:: AIM OF THE TASK ::
Filter the records below for the word "Numbers". Copy each line that holds it.

++++ DATA FOR ANALYSIS ++++

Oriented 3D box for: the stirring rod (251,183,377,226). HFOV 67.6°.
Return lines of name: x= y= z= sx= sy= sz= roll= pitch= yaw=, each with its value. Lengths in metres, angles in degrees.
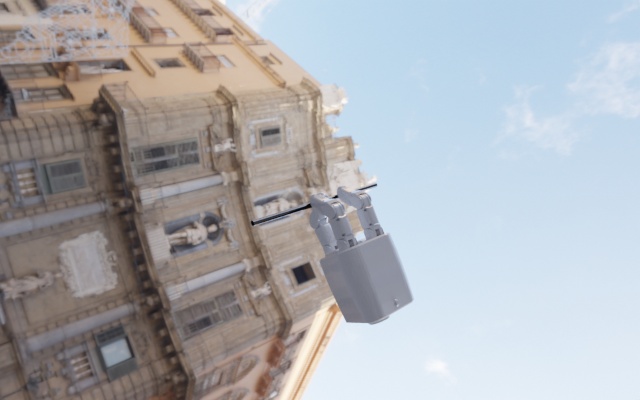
stirring rod: x=0.000 y=0.002 z=0.707 sx=0.239 sy=0.011 sz=0.011 roll=-17 pitch=11 yaw=-38
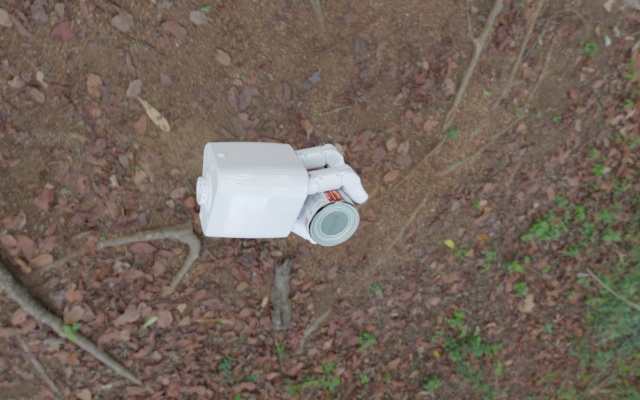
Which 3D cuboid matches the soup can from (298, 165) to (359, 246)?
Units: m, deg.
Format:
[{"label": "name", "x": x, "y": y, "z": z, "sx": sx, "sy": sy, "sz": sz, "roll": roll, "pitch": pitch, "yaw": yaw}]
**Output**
[{"label": "soup can", "x": 0.001, "y": 0.002, "z": 0.615, "sx": 0.068, "sy": 0.068, "sz": 0.102, "roll": 0, "pitch": 33, "yaw": -24}]
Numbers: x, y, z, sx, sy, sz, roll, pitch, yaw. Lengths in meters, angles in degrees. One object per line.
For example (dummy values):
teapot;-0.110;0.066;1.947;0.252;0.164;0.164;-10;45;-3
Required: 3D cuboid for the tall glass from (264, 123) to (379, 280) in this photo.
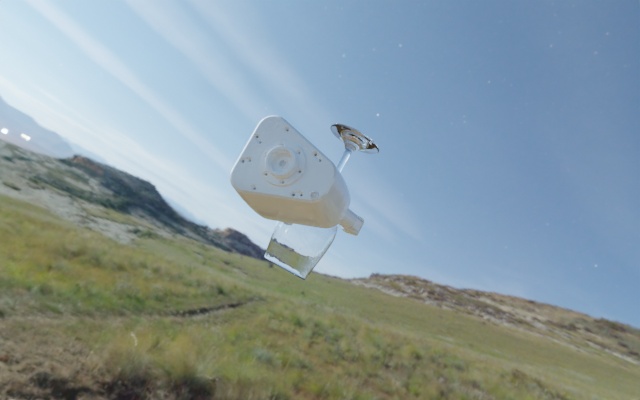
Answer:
tall glass;0.000;0.002;0.633;0.079;0.201;0.079;28;-9;5
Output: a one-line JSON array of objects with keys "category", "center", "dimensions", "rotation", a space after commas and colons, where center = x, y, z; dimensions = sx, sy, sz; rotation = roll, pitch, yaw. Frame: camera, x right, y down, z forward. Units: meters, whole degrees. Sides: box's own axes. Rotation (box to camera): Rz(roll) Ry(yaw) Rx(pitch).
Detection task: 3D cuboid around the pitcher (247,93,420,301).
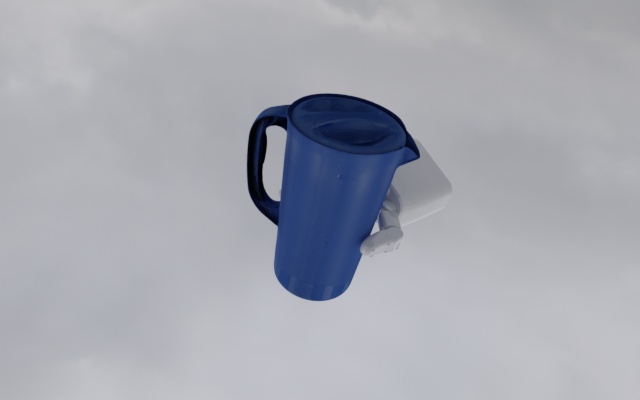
[{"category": "pitcher", "center": [0.000, 0.002, 0.577], "dimensions": [0.145, 0.243, 0.149], "rotation": [-16, 45, -34]}]
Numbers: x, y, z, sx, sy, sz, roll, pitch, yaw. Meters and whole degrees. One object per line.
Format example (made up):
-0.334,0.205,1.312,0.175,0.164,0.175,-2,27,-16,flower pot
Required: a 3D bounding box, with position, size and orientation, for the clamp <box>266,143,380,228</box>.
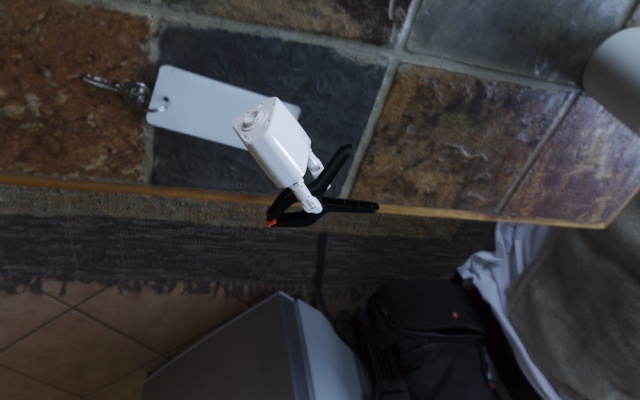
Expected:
0.000,0.003,0.881,0.210,0.165,0.036,-29,36,11,clamp
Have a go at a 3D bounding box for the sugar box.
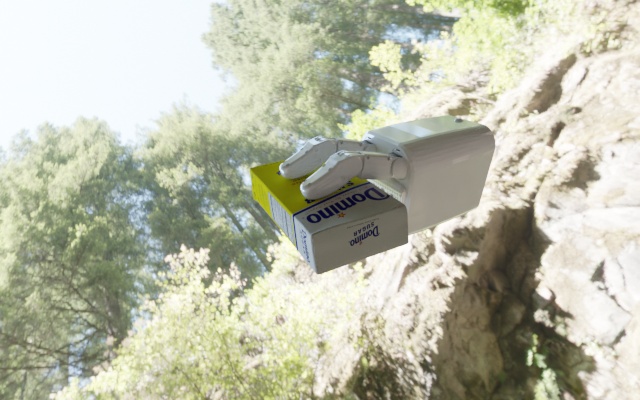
[{"bbox_3d":[0.000,0.001,0.470,0.093,0.048,0.176,-16,25,-20],"label":"sugar box"}]
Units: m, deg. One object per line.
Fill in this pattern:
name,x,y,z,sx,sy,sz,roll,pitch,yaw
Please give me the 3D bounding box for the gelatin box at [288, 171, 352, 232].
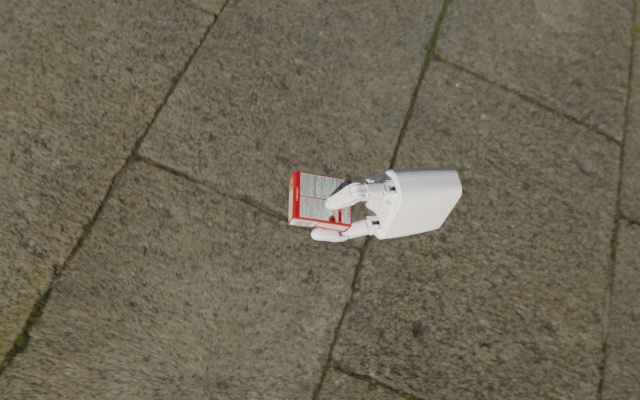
gelatin box,0.000,0.002,0.679,0.089,0.073,0.030,9,-25,-19
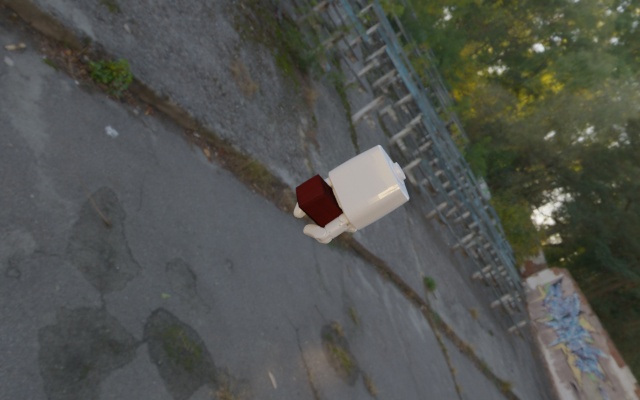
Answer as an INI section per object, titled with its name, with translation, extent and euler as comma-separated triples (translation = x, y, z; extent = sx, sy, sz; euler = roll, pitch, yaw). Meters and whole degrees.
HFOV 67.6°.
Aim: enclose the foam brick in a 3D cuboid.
[foam brick]
translation = 0.000, 0.003, 0.836
extent = 0.051, 0.053, 0.078
euler = -30, -47, 16
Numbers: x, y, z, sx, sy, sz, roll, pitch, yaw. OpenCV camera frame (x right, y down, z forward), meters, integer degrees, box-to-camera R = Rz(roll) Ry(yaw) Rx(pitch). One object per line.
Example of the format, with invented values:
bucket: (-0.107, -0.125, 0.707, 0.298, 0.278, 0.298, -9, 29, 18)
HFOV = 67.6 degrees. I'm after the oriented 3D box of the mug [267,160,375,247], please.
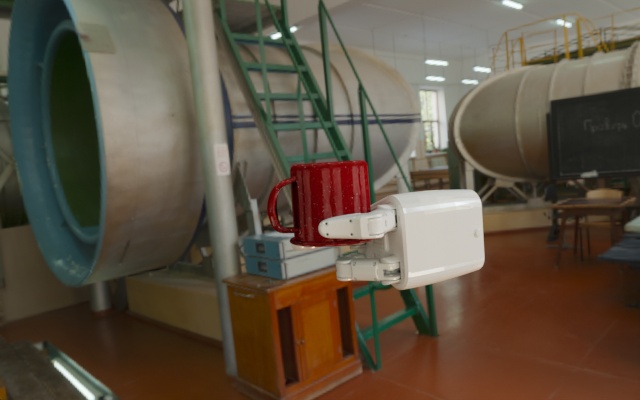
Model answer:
mug: (-0.001, 0.002, 0.495, 0.117, 0.081, 0.093, -6, 5, -25)
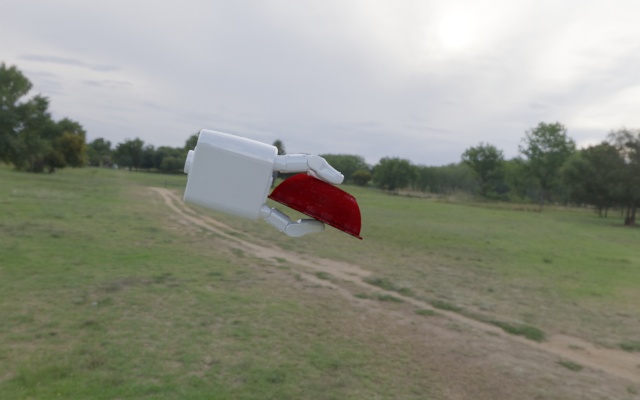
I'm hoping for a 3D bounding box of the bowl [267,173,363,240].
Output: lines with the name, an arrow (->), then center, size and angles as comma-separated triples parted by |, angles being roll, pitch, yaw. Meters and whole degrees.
bowl -> 0.001, 0.002, 0.719 | 0.162, 0.055, 0.162 | 25, -3, 1
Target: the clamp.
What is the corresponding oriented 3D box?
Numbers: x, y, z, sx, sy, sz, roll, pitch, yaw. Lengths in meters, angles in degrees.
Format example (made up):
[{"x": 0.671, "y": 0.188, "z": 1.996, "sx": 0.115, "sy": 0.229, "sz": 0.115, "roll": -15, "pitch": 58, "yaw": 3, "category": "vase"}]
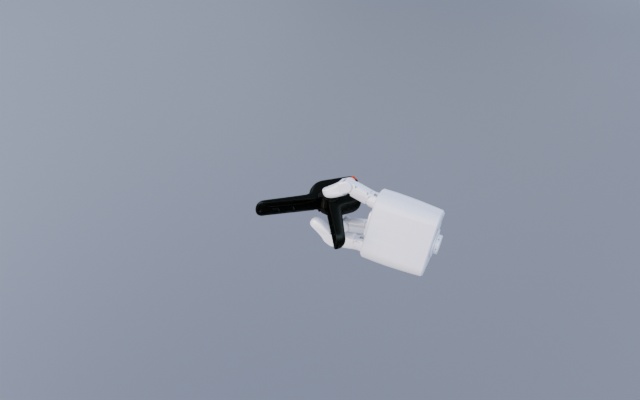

++++

:: EXPECTED ANSWER ::
Numbers: x, y, z, sx, sy, sz, roll, pitch, yaw. Lengths in meters, angles in degrees. One object per line.
Numbers: x, y, z, sx, sy, sz, roll, pitch, yaw. Meters and whole degrees. One object per line.
Numbers: x, y, z, sx, sy, sz, roll, pitch, yaw. OpenCV camera frame (x right, y down, z forward), meters, integer degrees, box-to-camera R = Rz(roll) Ry(yaw) Rx(pitch). One object per line.
Numbers: x, y, z, sx, sy, sz, roll, pitch, yaw. Lengths in meters, angles in degrees.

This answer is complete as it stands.